Hydro Available Fault

[Fuselink]

Dear Friends,
I am trying to figure out how hydro has calculated the L-L-G fault based on the following info. My answers do not match.
Based on IEEE 80.
L-L-G I0=E*X0/( X1*(X0+X2) + X2*X0) ( Page 96)
L-G I0=E/(X0+X1+X2)

X1=X2
Then I get
L-L I0=1763.98
L-G I0=2400.2

Hydro Info:
Maximum Minimum
L-L-G 3467 2832
L-G 2452 2111
Z1 1.66+j6.765 1.6973+j8.36
Z0 3.0442+j18.21 3.117+j20.31

 

[DanDel]

For L-G, it should be Ia0 = Ea/(Z0+Z1+Z2)
For L-L-G, it should be Ia1 = Ea/(Z1+((Z2*Z0)/(Z2+Z0)));
Ia2 = -Ia1(Z0/(Z2+Z0)); Ia0 = -Ia1(Z2/(Z2+Z0))

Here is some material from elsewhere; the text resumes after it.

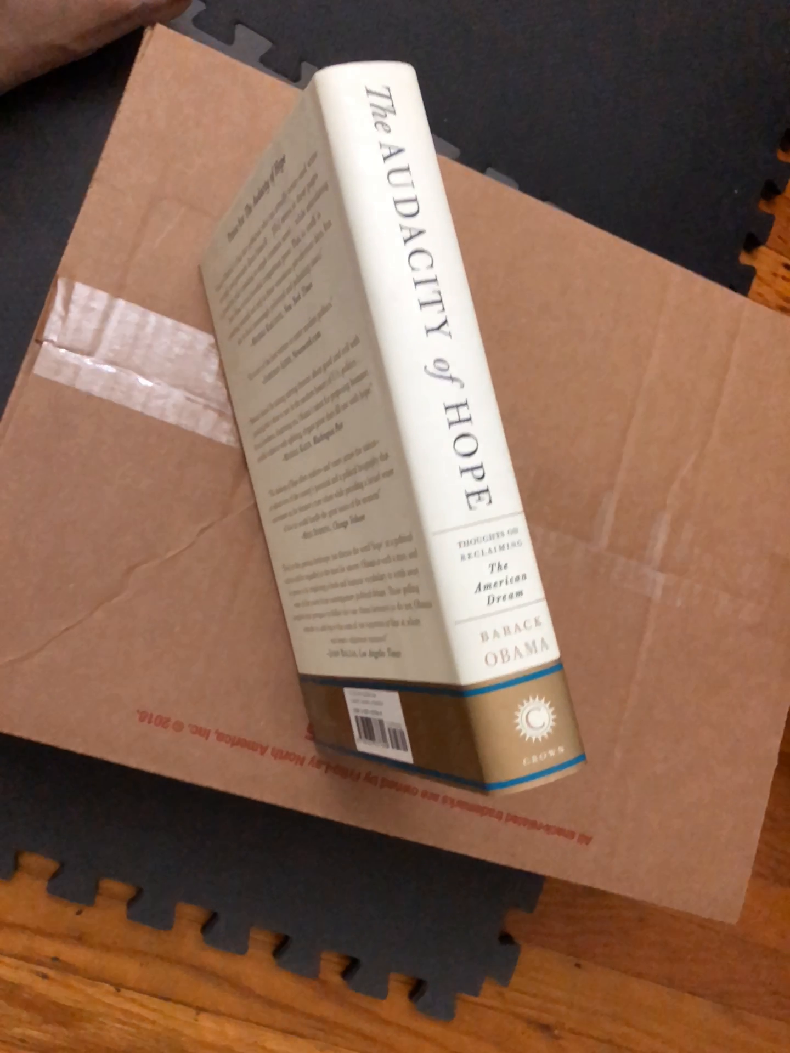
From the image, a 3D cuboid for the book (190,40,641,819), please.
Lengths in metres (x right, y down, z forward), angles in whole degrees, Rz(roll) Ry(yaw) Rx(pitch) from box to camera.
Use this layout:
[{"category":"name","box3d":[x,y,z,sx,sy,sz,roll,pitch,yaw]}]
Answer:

Without your voltage, it's tough to follow your calculations.

 

[Fuselink]

Sorry about that.
Voltage is 44000V.

 

[Fuselink]

For L-G fault If=3*I0
and I am getting the right answer
Ia0=800A
Ia0=3*I0=2400

but for L-L-G If=3*I0
is giving me 1763A for L-L-G
Ia1=2171A
Ia0=588A

Sorry, It's been long since I have used these equations.